(Data extracted from a collection)
◆ ◆ ◆ ◆ ◆
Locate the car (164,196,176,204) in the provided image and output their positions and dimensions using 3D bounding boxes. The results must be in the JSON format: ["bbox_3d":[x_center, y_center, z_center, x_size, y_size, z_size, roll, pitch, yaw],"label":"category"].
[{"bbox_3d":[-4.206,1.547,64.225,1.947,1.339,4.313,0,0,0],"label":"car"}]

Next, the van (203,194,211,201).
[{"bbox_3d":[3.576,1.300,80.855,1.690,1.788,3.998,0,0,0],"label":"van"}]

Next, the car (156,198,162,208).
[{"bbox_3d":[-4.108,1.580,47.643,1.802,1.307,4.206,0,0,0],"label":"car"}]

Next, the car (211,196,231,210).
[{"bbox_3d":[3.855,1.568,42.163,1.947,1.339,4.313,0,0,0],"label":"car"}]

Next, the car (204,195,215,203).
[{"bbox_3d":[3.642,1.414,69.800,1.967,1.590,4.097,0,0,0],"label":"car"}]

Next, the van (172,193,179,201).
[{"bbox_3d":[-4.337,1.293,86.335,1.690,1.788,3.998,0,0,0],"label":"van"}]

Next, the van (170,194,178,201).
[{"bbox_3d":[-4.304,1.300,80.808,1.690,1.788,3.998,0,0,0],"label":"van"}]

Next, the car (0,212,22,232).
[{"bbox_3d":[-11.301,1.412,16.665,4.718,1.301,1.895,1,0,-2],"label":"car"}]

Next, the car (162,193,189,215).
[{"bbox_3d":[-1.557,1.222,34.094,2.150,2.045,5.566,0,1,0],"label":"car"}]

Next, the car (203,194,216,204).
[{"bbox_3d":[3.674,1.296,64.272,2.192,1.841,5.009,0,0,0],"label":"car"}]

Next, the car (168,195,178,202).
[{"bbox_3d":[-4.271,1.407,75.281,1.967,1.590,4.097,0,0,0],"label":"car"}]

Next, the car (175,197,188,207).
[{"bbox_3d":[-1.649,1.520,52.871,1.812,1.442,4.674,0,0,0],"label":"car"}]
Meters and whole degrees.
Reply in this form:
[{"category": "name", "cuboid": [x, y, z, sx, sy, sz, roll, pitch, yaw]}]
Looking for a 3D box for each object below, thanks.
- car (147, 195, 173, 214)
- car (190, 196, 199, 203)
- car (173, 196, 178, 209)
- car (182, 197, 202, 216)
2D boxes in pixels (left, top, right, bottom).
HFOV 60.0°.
◆ ◆ ◆ ◆ ◆
## [REQUIREMENT]
Copy each line, exactly, that falls between the line containing "Next, the van (170,194,178,201)." and the end of the entries, both included.

## [RESULT BELOW]
Next, the van (170,194,178,201).
[{"bbox_3d":[-4.304,1.300,80.808,1.690,1.788,3.998,0,0,0],"label":"van"}]

Next, the car (0,212,22,232).
[{"bbox_3d":[-11.301,1.412,16.665,4.718,1.301,1.895,1,0,-2],"label":"car"}]

Next, the car (162,193,189,215).
[{"bbox_3d":[-1.557,1.222,34.094,2.150,2.045,5.566,0,1,0],"label":"car"}]

Next, the car (203,194,216,204).
[{"bbox_3d":[3.674,1.296,64.272,2.192,1.841,5.009,0,0,0],"label":"car"}]

Next, the car (168,195,178,202).
[{"bbox_3d":[-4.271,1.407,75.281,1.967,1.590,4.097,0,0,0],"label":"car"}]

Next, the car (175,197,188,207).
[{"bbox_3d":[-1.649,1.520,52.871,1.812,1.442,4.674,0,0,0],"label":"car"}]
Meters and whole degrees.
Reply in this form:
[{"category": "name", "cuboid": [x, y, z, sx, sy, sz, roll, pitch, yaw]}]
Looking for a 3D box for each object below, thanks.
- car (147, 195, 173, 214)
- car (190, 196, 199, 203)
- car (173, 196, 178, 209)
- car (182, 197, 202, 216)
2D boxes in pixels (left, top, right, bottom).
HFOV 60.0°.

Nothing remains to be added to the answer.